*** Supplied entries Section Begins ***

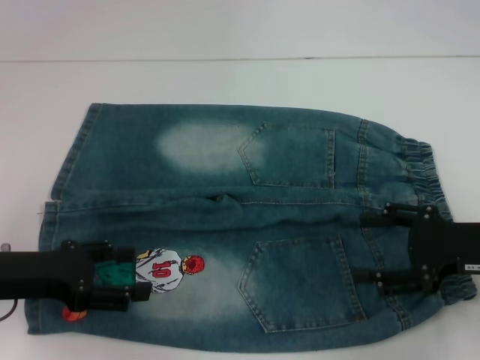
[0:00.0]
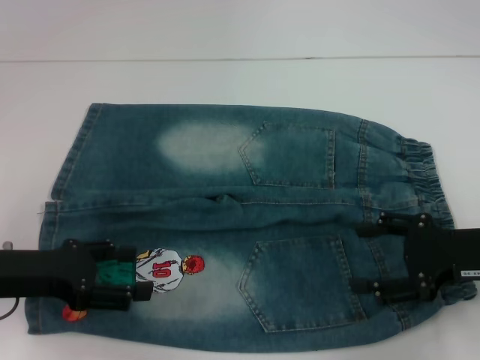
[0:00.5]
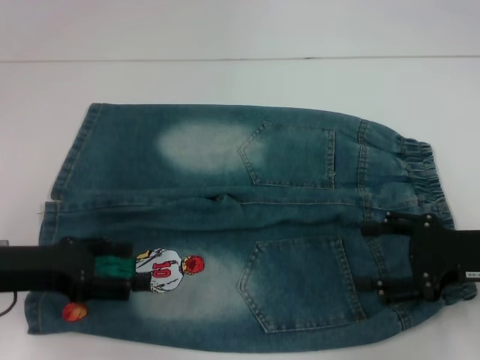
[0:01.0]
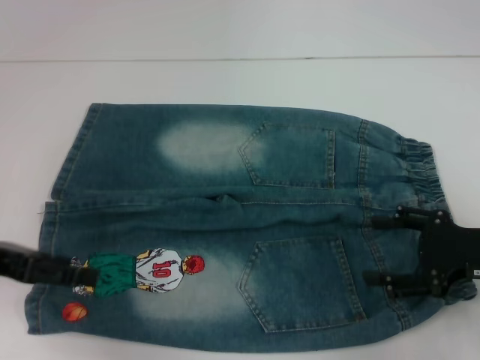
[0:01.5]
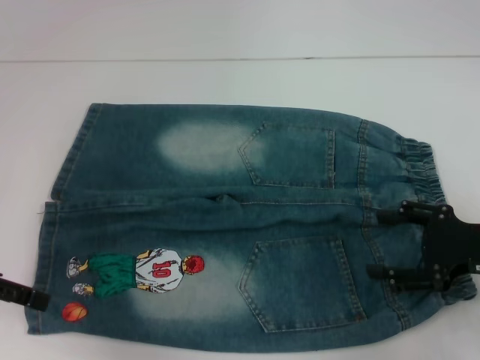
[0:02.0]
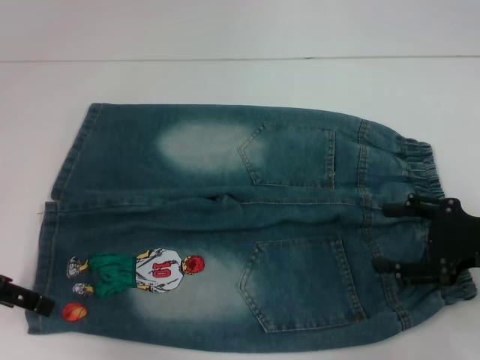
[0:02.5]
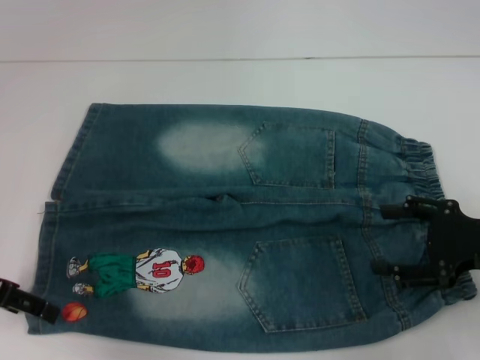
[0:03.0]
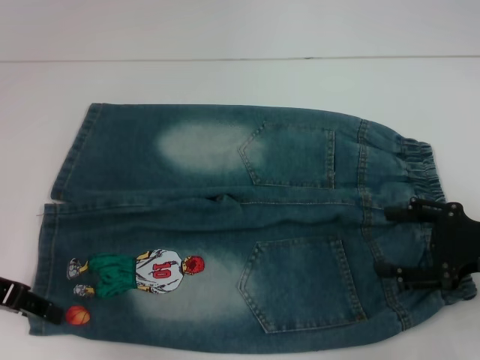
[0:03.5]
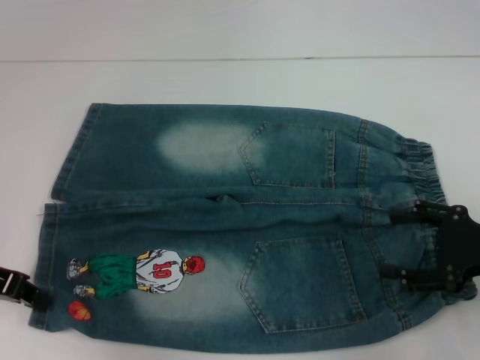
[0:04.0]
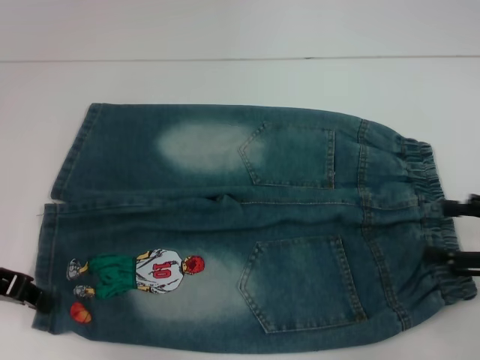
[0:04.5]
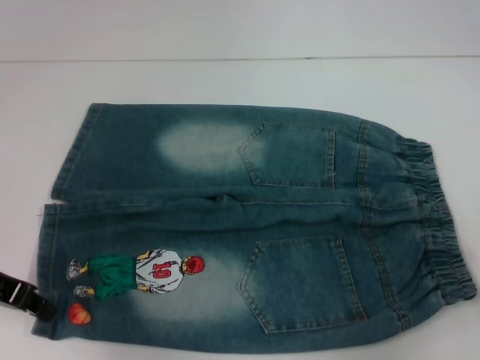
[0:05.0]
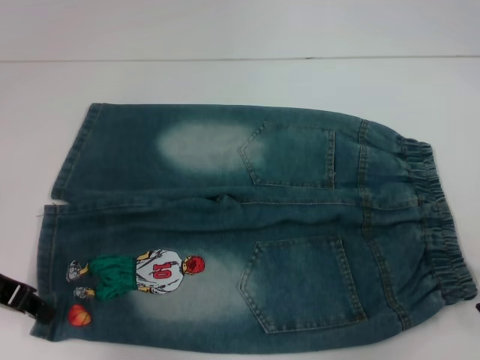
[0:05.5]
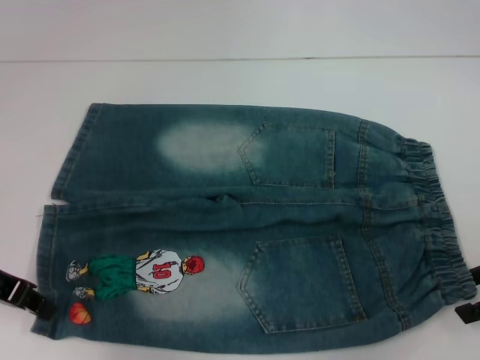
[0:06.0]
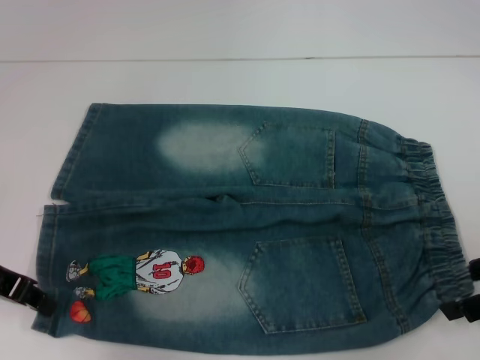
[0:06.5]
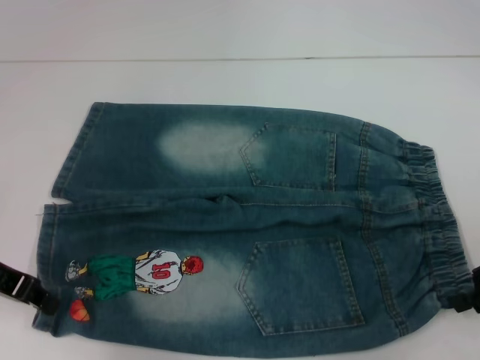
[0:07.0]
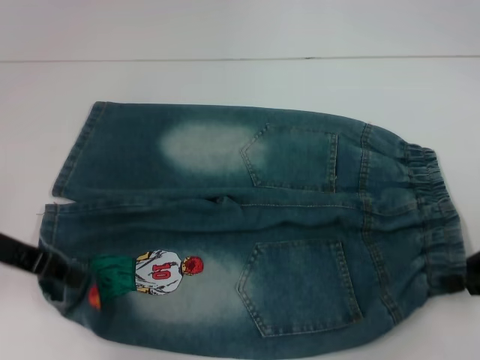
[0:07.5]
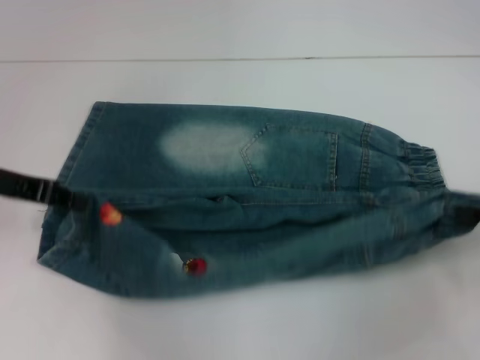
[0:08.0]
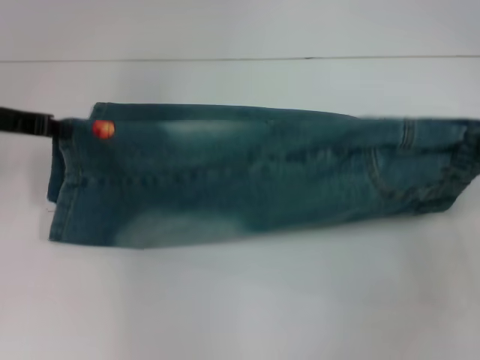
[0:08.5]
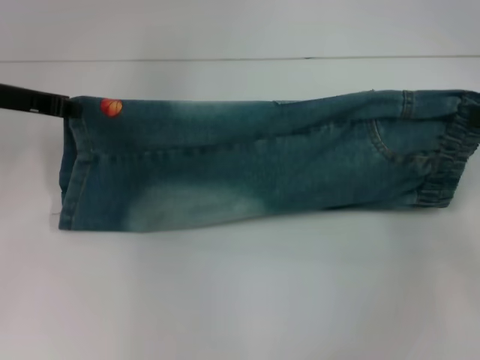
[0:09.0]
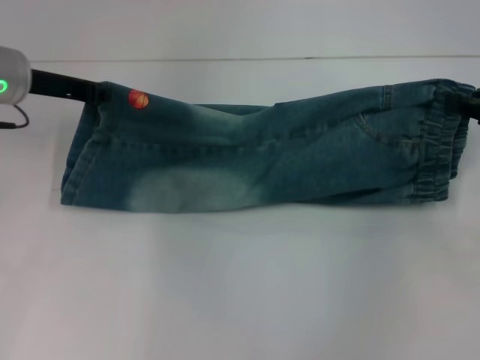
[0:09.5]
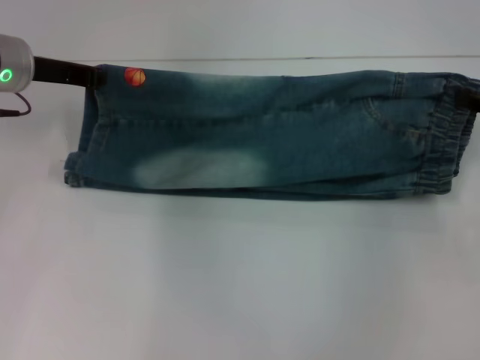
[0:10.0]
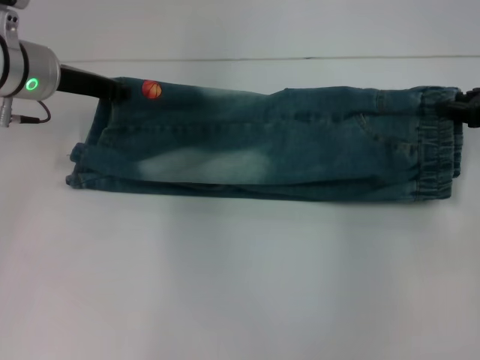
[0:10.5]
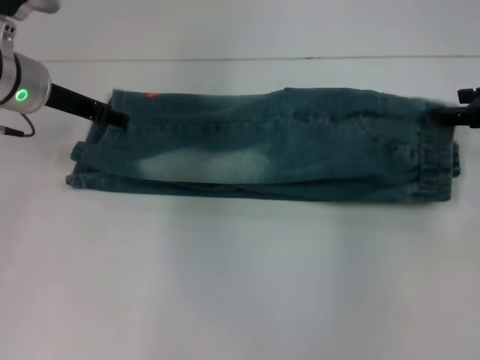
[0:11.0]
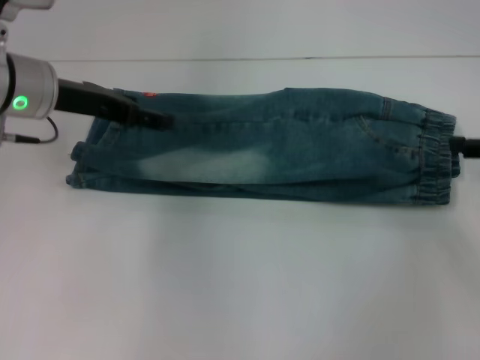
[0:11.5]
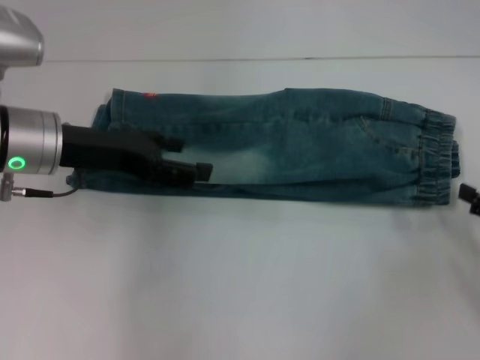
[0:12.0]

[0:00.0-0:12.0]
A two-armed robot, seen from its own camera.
Step, 0:00.0 to 0:04.0: Grab the lower left pant leg with your left hand.
Step, 0:04.5 to 0:07.0: Hold the lower right waistband with your right hand.
Step, 0:07.5 to 0:11.0: Fold upward with your right hand.
0:00.0 to 0:02.0: The left gripper heads upward, covering some 5 cm.
0:02.0 to 0:04.0: The left gripper closes.
0:06.0 to 0:08.0: The left gripper moves approximately 5 cm, while the right gripper closes its fingers.
0:08.0 to 0:10.0: The right gripper moves forward, about 10 cm; the left gripper travels forward and to the right by about 10 cm.
0:10.0 to 0:12.0: The left gripper shifts approximately 10 cm backward, and opens up. Meanwhile the right gripper travels backward and downward by approximately 15 cm, and opens.

*** Supplied entries Section Ends ***

> Aim of the exercise: Give each record above back word for word, but carry over none of the pictures.

> Written solution:
[0:00.0]
[0:00.5]
[0:01.0]
[0:01.5]
[0:02.0]
[0:02.5]
[0:03.0]
[0:03.5]
[0:04.0]
[0:04.5]
[0:05.0]
[0:05.5]
[0:06.0]
[0:06.5]
[0:07.0]
[0:07.5]
[0:08.0]
[0:08.5]
[0:09.0]
[0:09.5]
[0:10.0]
[0:10.5]
[0:11.0]
[0:11.5]
[0:12.0]

[0:00.0-0:12.0]
A two-armed robot, seen from its own camera.
Step, 0:00.0 to 0:04.0: Grab the lower left pant leg with your left hand.
Step, 0:04.5 to 0:07.0: Hold the lower right waistband with your right hand.
Step, 0:07.5 to 0:11.0: Fold upward with your right hand.
0:00.0 to 0:02.0: The left gripper heads upward, covering some 5 cm.
0:02.0 to 0:04.0: The left gripper closes.
0:06.0 to 0:08.0: The left gripper moves approximately 5 cm, while the right gripper closes its fingers.
0:08.0 to 0:10.0: The right gripper moves forward, about 10 cm; the left gripper travels forward and to the right by about 10 cm.
0:10.0 to 0:12.0: The left gripper shifts approximately 10 cm backward, and opens up. Meanwhile the right gripper travels backward and downward by approximately 15 cm, and opens.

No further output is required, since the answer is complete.